For many homeowners, refinancing is an effective tool for gaining access to lower mortgage payments and other benefits. But refinancing might not be right for everyone, especially if you have a poor credit score or complicated financial situation.
It’s important to know what to expect before you refinance, so follow these tips to make sure you understand all the steps of the process and have realistic expectations of what refinancing might provide.
Before we proceed to give you the tips, let first of all understand what exactly refinancing is.
What Really is Refinancing?
Refinancing is the process of getting your existing mortgage or home loan to a new, lower interest rate.
It is one of the most popular ways people reduce their debts when available funds seem insufficient to meet their payments.
If the interest rate on your existing mortgage or home loan is more than what is offered by credit cards or other lenders, refinancing may be best for you. This is why it is important to understand how refinancing works before beginning your search.
8 Tips for Homeowners Who Want to Refinance
- Know Your Credit Score: Before you can refinance your current loan, you must know your credit score. Your credit score is a number that appears on your credit report. It represents the risk that your lender takes on when you borrow money. The higher your score, the less interest you will pay on your loans and other payments will be handled more quickly by lenders. When you have a high credit score, it becomes harder for you to be rejected for a new loan because lenders have more confidence in your ability to pay off your existing debt.
- Know Your Taxes: When you refinance your existing mortgage, be sure to read and understand the tax implications of each step of the process. In particular, know the impact of capital gains and tax-free bonds on your net worth before signing anything away for fear of losing access to funds later on. You may also wish to consult with a tax professional or other competent person before beginning any tax planning activity — particularly if refinance offers are being made available.
- The Costs of Refinancing: It’s important to know the costs of refinancing before you do so. Refinancing will help you eliminate debts faster, but it also carries the risk of bringing new debt onto your balance sheet. This is why you should be sure to compare rates before going forward. Kiwis can head over to compare refinancing rates with mortgages.co.nz/mortgage-rates. If you decide to refinance without knowing the costs, it could be an investment that pays off in greater profits later but at the risk of blowing your new savings on previously existing debt.

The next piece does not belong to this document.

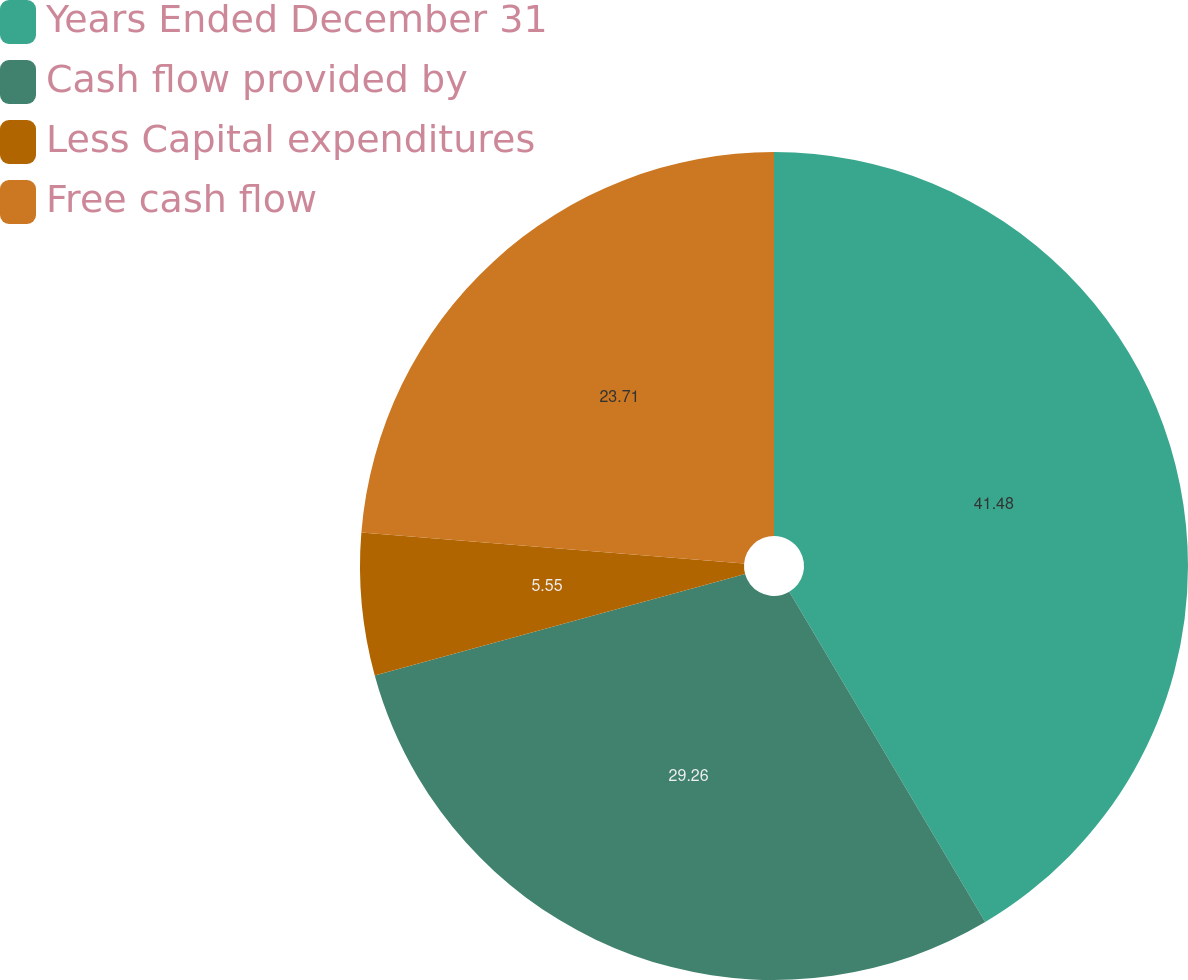Convert chart. <chart><loc_0><loc_0><loc_500><loc_500><pie_chart><fcel>Years Ended December 31<fcel>Cash flow provided by<fcel>Less Capital expenditures<fcel>Free cash flow<nl><fcel>41.48%<fcel>29.26%<fcel>5.55%<fcel>23.71%<nl></chart>

- Know Your Debt-to-Income Ratio: When you buy a house, the cost is not the only factor that counts. Also important is how much debt you have. The more debt you have, the harder it is to pay off the balance when purchased. This is why it is important to identify your debt-to-income ratio—or how much debt you have relative to your disposable income—before refinancing. This ratio serves as an important signal to lenders that you can manage your expenses responsibly and are likely to be at good risk of defaulting on payments in the future.
- Understand Your Equity: When looking to refinance your loan, or if you already have one, it’s important to know your equity. Equity means the amount of money remaining in your loan after all payments have been made and if you pay off the loan in full before the due date. With equity, you can focus solely on paying down your debt instead of worrying about how much more you might be owing on the new loan.
- Be sure refinancing is cheaper for you: Refinancing your house can be a big step, but it is not something you should do lightly. It’s important to understand all the pros and cons of refinancing before you sign on the dotted line with a lender. Do you know how to calculate savings when refinancing a mortgage? There is a lot of hype about refinancing and many homeowners want to know if they should refinance. When refinancing, there could be additional fees that make it not worthwhile. Be sure to discover if your refinancing will be cheaper.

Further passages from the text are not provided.